Edit: +9 bytes to fix bug after discovering that some entries are present twice (with different capitalization) in the dictionary

function(d,e=tolower(d),x=unique(e),`?`=nchar,s=substring,S=sapply,z=S(e,function(w){y=x%in%S(1:?w,function(n,w)paste0(s(w,n+1),s(w,1,n)),w);x<<-x[!y];sum(y)}))list(d[z>2&z==?e],d[z==max(z)])

Try it online!

Function "outsmart_the_boffins" with input parameter d=dictionary in the form of a vector of words. TIO link includes a mini-dictionary that encompasses at least some of the intended output words.

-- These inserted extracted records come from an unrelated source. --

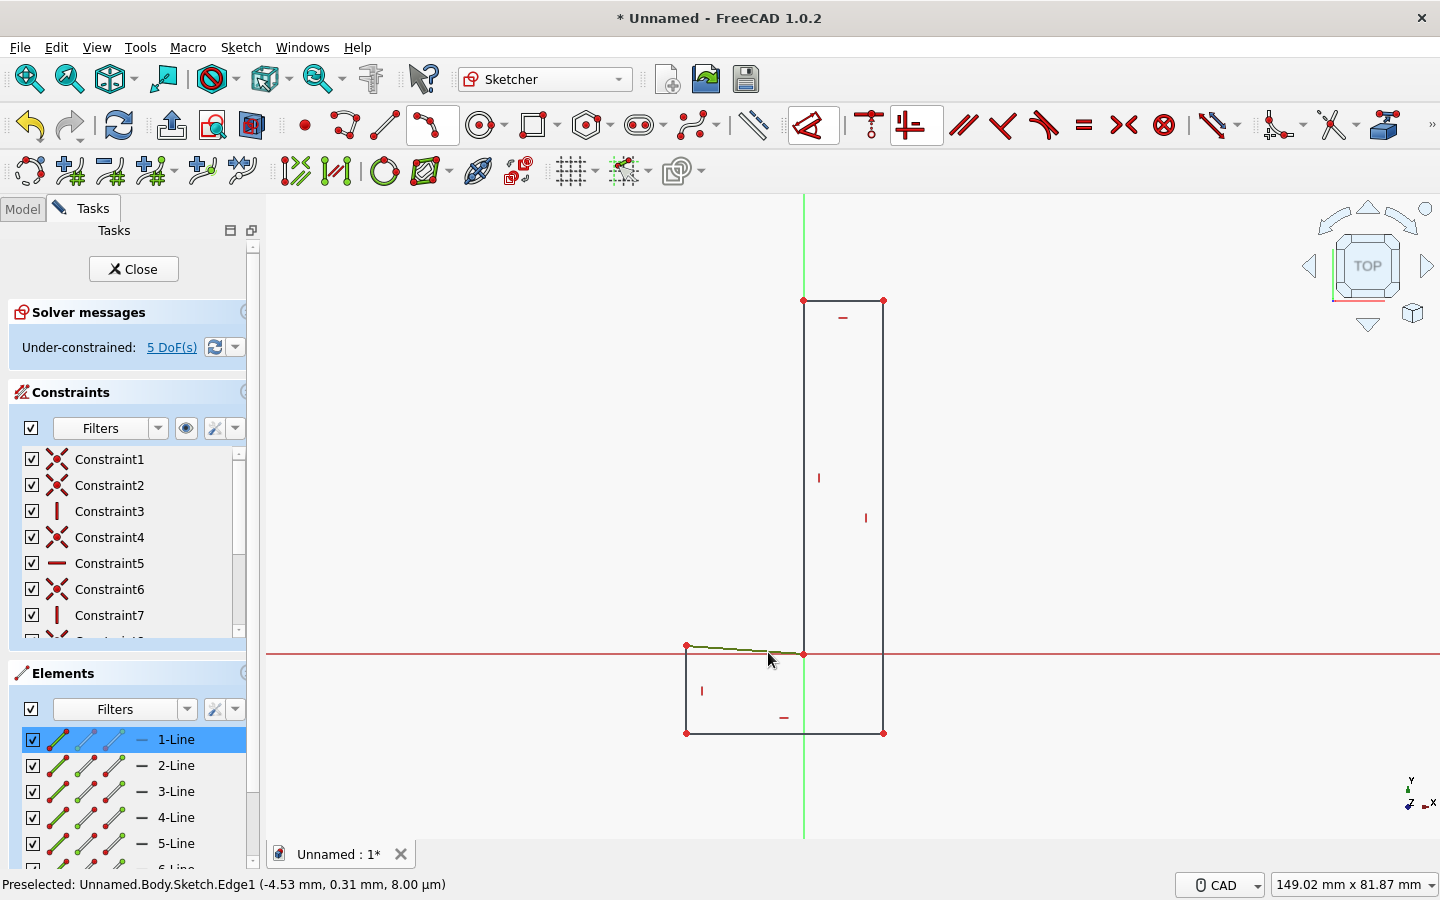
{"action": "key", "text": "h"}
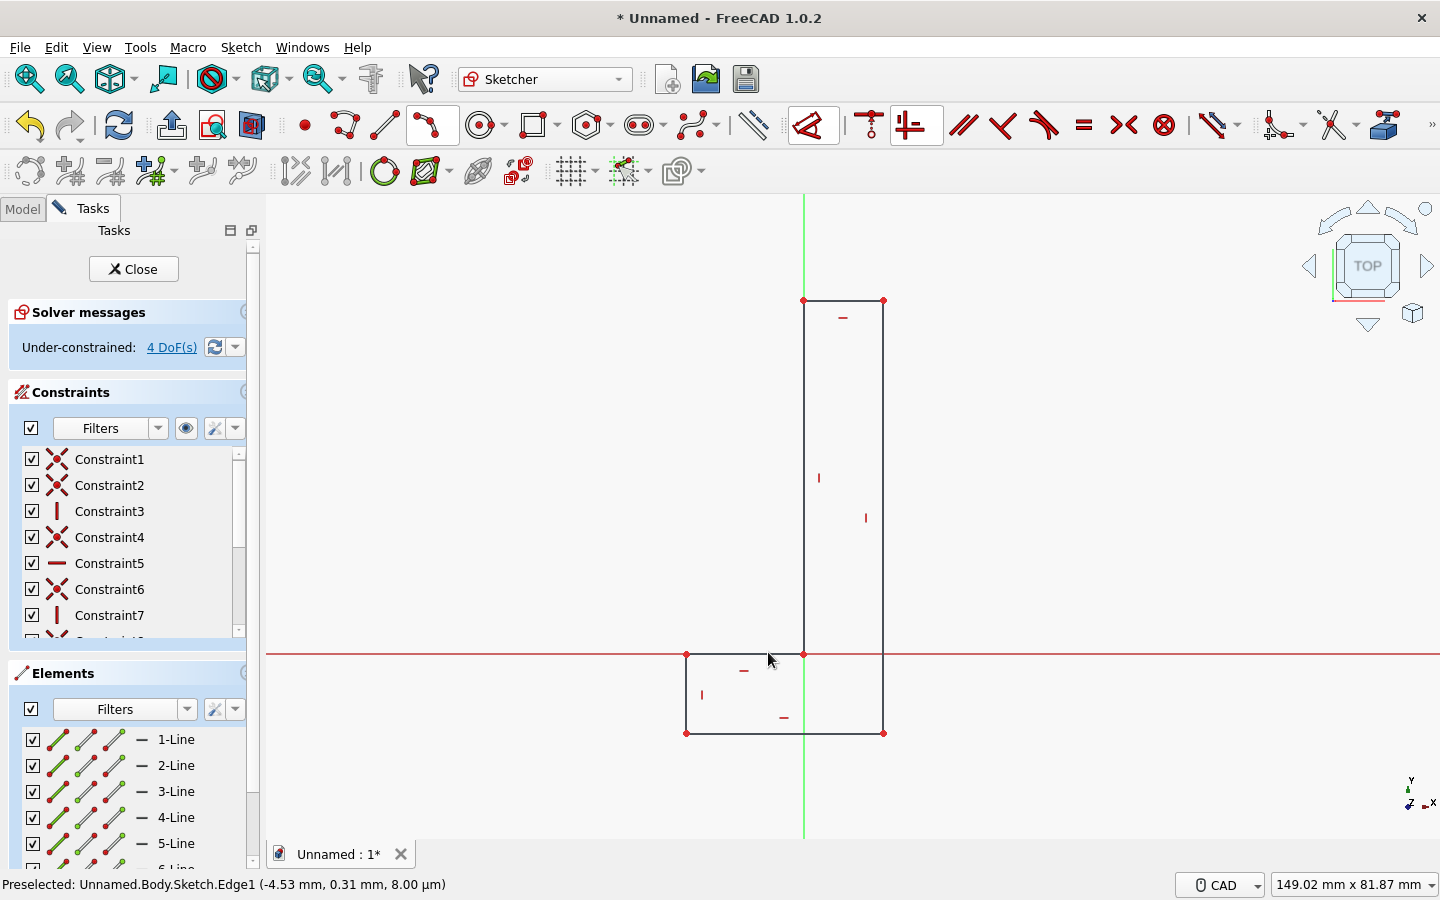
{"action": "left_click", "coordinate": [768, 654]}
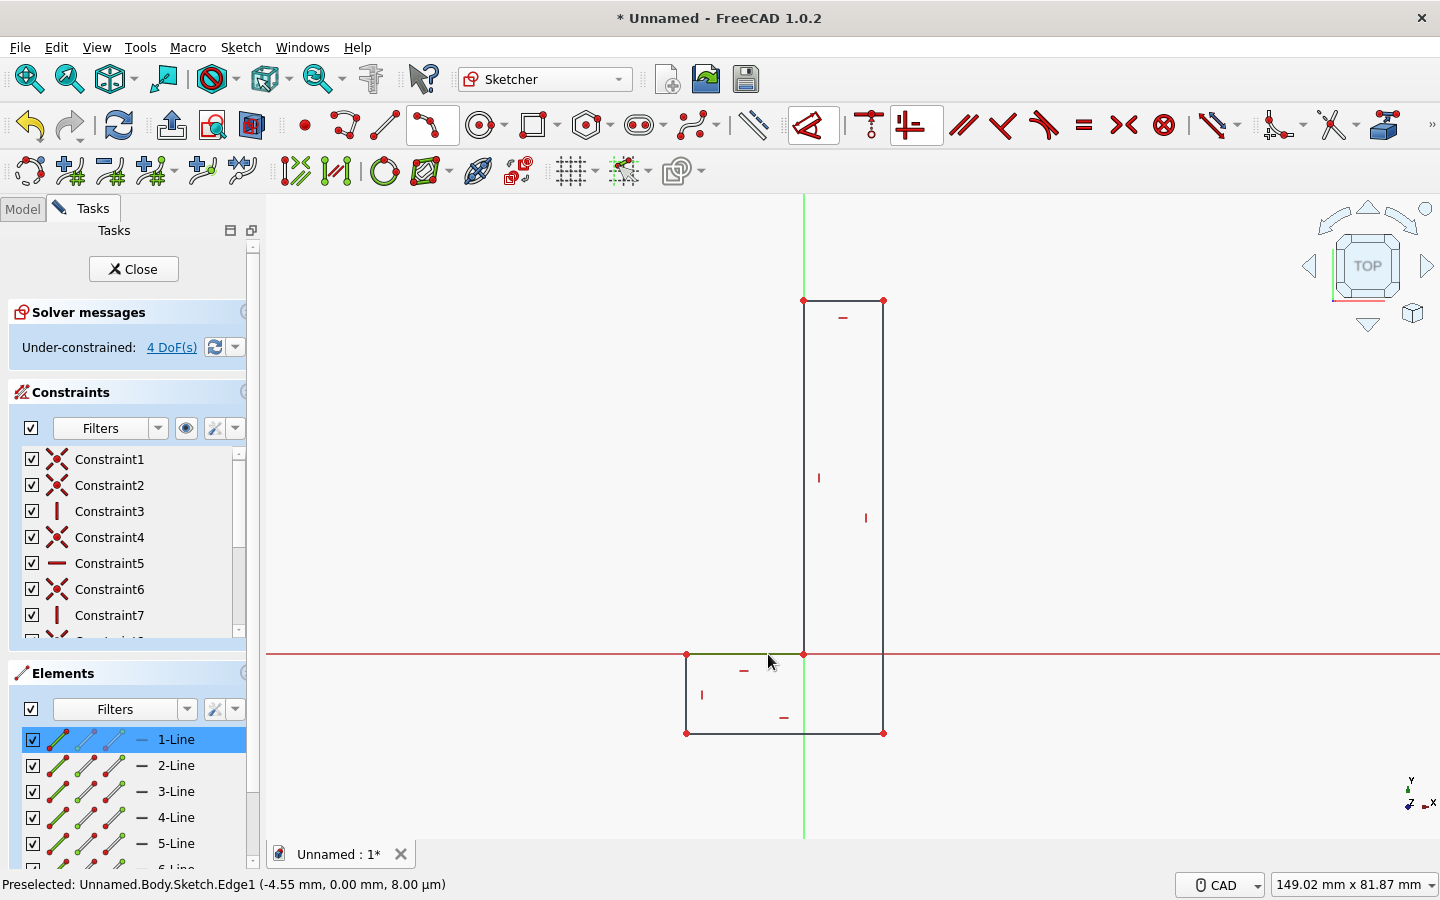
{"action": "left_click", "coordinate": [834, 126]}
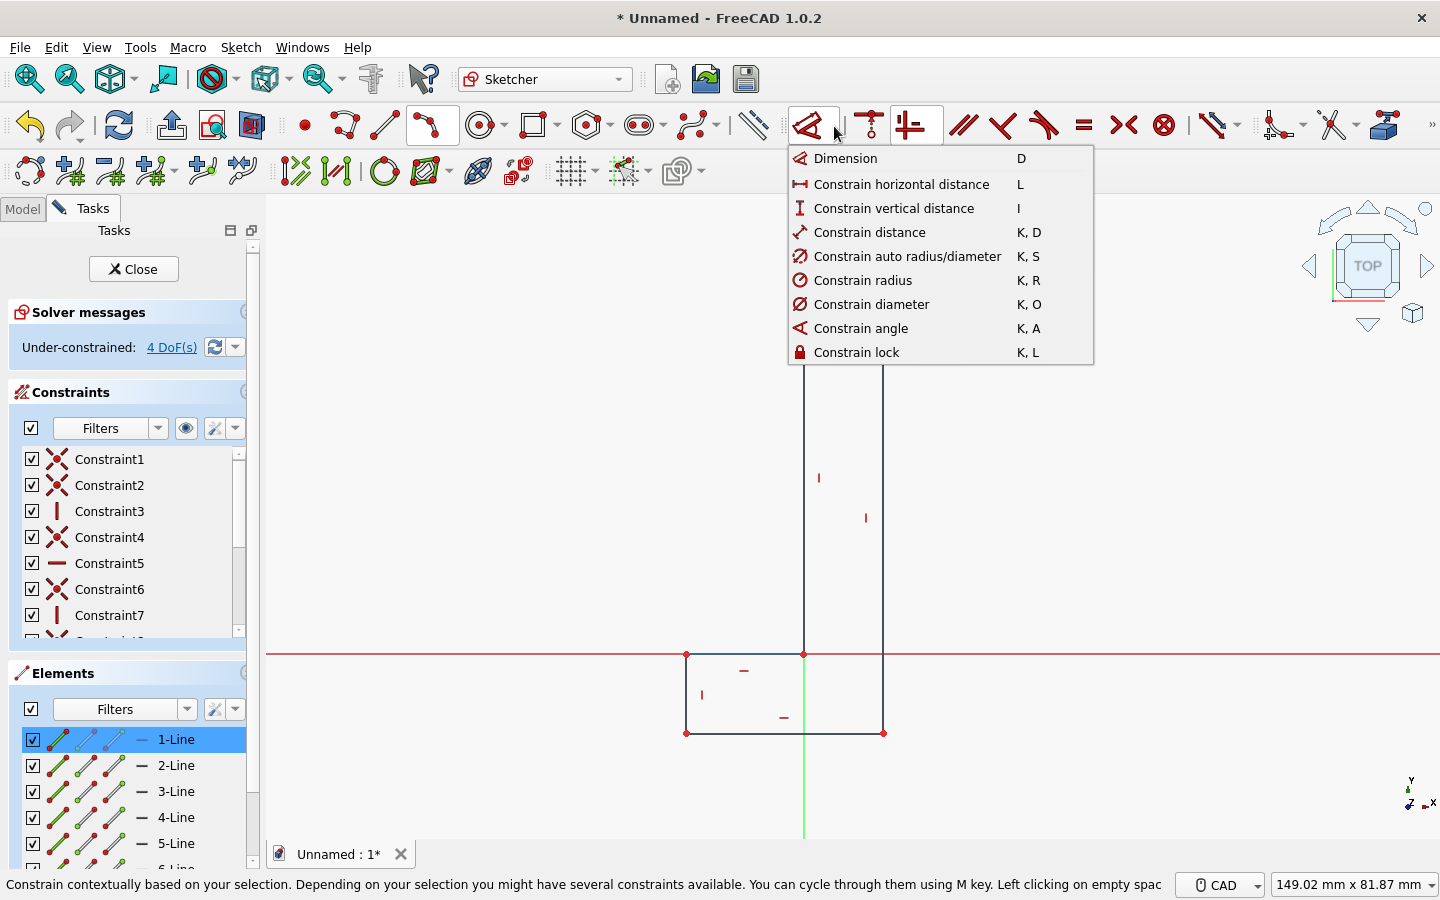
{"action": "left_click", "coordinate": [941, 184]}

Outputs a list of completely-rotatable words, and then maximum-rotatable words.

Ungolfed code

outsmart_the_boffins=
function(d){
    e=tolower(d)                # first convert dictionary to lower case (e),
    x=unique(e)                 # make a copy of unique elements (x);
    r=function(n,w)             # define function r=rotates letters of word w by r steps
      paste0(substring(w,n+1),  #   by paste-ing the second half
        substring(w,1,n))       #   in front of the first half;
    z=sapply(e,function(w){     # now calculate z=valid rotations for each word w in e:
        y=x %in% sapply(1:nchar(w),r,w);
                                #   define y as the positions of matches in x to all rotations of w, 
        x<<-x[!y];              #   delete them all from x (so we don't find the other members of the set later),
        sum(y)                  #   and return the number of them;
    })
list(d[z>2 & z==nchar(e)],      # finally, output the words with >2 characters whose valid rotations equals their length,
  d[z==max(z)])                 # and those whose valid rotations is equal to the maximum found.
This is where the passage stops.